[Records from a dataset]
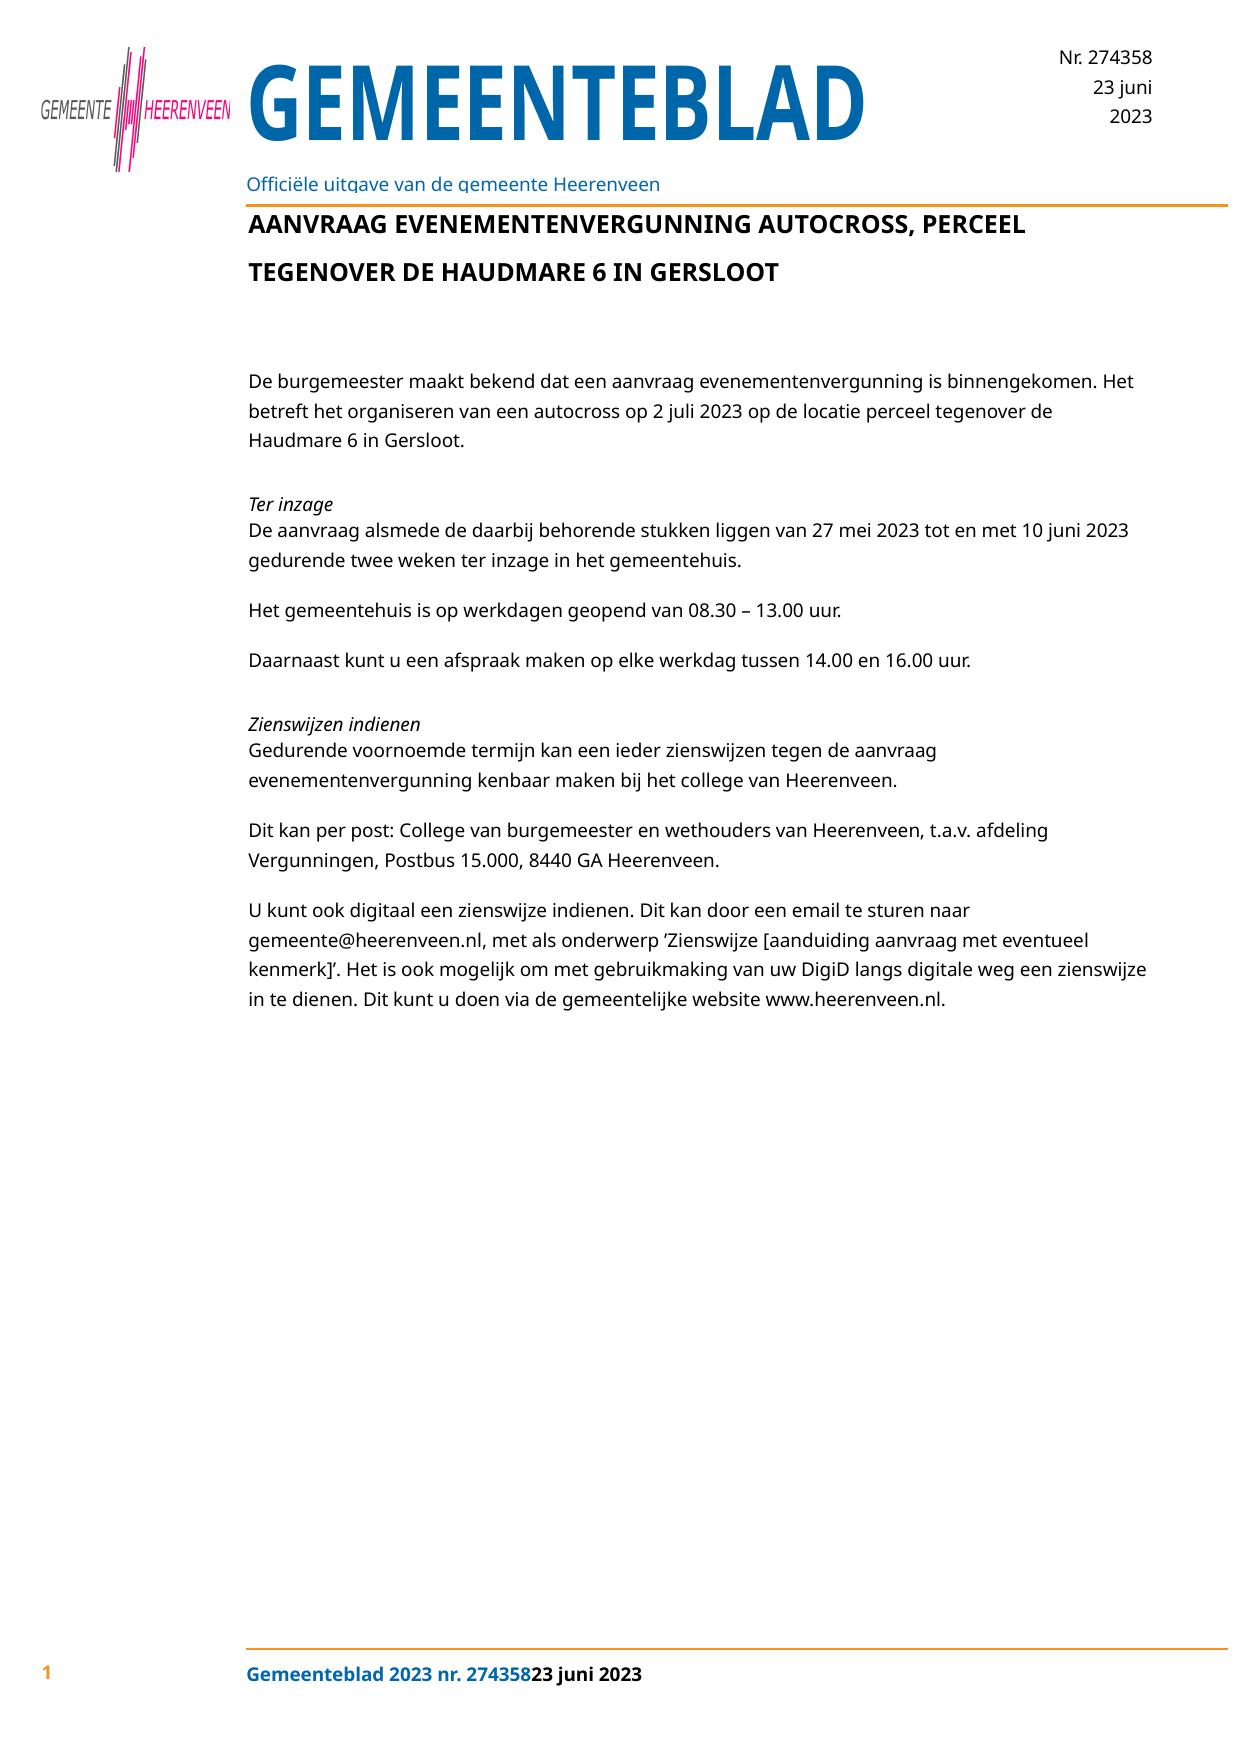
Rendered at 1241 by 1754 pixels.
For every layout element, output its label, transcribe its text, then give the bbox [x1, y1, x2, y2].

text Gedurende voornoemde termijn kan een ieder zienswijzen tegen de aanvraag evenementenvergunning kenbaar maken bij het college van Heerenveen. [248, 737, 1152, 793]
text Ter inzage [248, 491, 1152, 517]
text Daarnaast kunt u een afspraak maken op elke werkdag tussen 14.00 en 16.00 uur. [248, 648, 1152, 673]
text AANVRAAG EVENEMENTENVERGUNNING AUTOCROSS, PERCEEL TEGENOVER DE HAUDMARE 6 IN GERSLOOT [248, 207, 1152, 288]
text Het gemeentehuis is op werkdagen geopend van 08.30 – 13.00 uur. [248, 597, 1152, 623]
text Dit kan per post: College van burgemeester en wethouders van Heerenveen, t.a.v. afdeling Vergunningen, Postbus 15.000, 8440 GA Heerenveen. [248, 817, 1152, 873]
text Zienswijzen indienen [248, 712, 1152, 737]
text De burgemeester maakt bekend dat een aanvraag evenementenvergunning is binnengekomen. Het betreft het organiseren van een autocross op 2 juli 2023 op de locatie perceel tegenover de Haudmare 6 in Gersloot. [248, 368, 1152, 453]
text U kunt ook digitaal een zienswijze indienen. Dit kan door een email te sturen naar gemeente@heerenveen.nl, met als onderwerp ’Zienswijze [aanduiding aanvraag met eventueel kenmerk]’. Het is ook mogelijk om met gebruikmaking van uw DigiD langs digitale weg een zienswijze in te dienen. Dit kunt u doen via de gemeentelijke website www.heerenveen.nl. [248, 897, 1152, 1012]
text De aanvraag alsmede de daarbij behorende stukken liggen van 27 mei 2023 tot en met 10 juni 2023 gedurende twee weken ter inzage in het gemeentehuis. [248, 517, 1152, 572]
picture [41, 47, 231, 172]

» To do:
Check every line of the data above for the string "kunt", and copy those that have it.

» Solution for this exercise:
text Daarnaast kunt u een afspraak maken op elke werkdag tussen 14.00 en 16.00 uur. [248, 648, 1152, 673]
text U kunt ook digitaal een zienswijze indienen. Dit kan door een email te sturen naar gemeente@heerenveen.nl, met als onderwerp ’Zienswijze [aanduiding aanvraag met eventueel kenmerk]’. Het is ook mogelijk om met gebruikmaking van uw DigiD langs digitale weg een zienswijze in te dienen. Dit kunt u doen via de gemeentelijke website www.heerenveen.nl. [248, 897, 1152, 1012]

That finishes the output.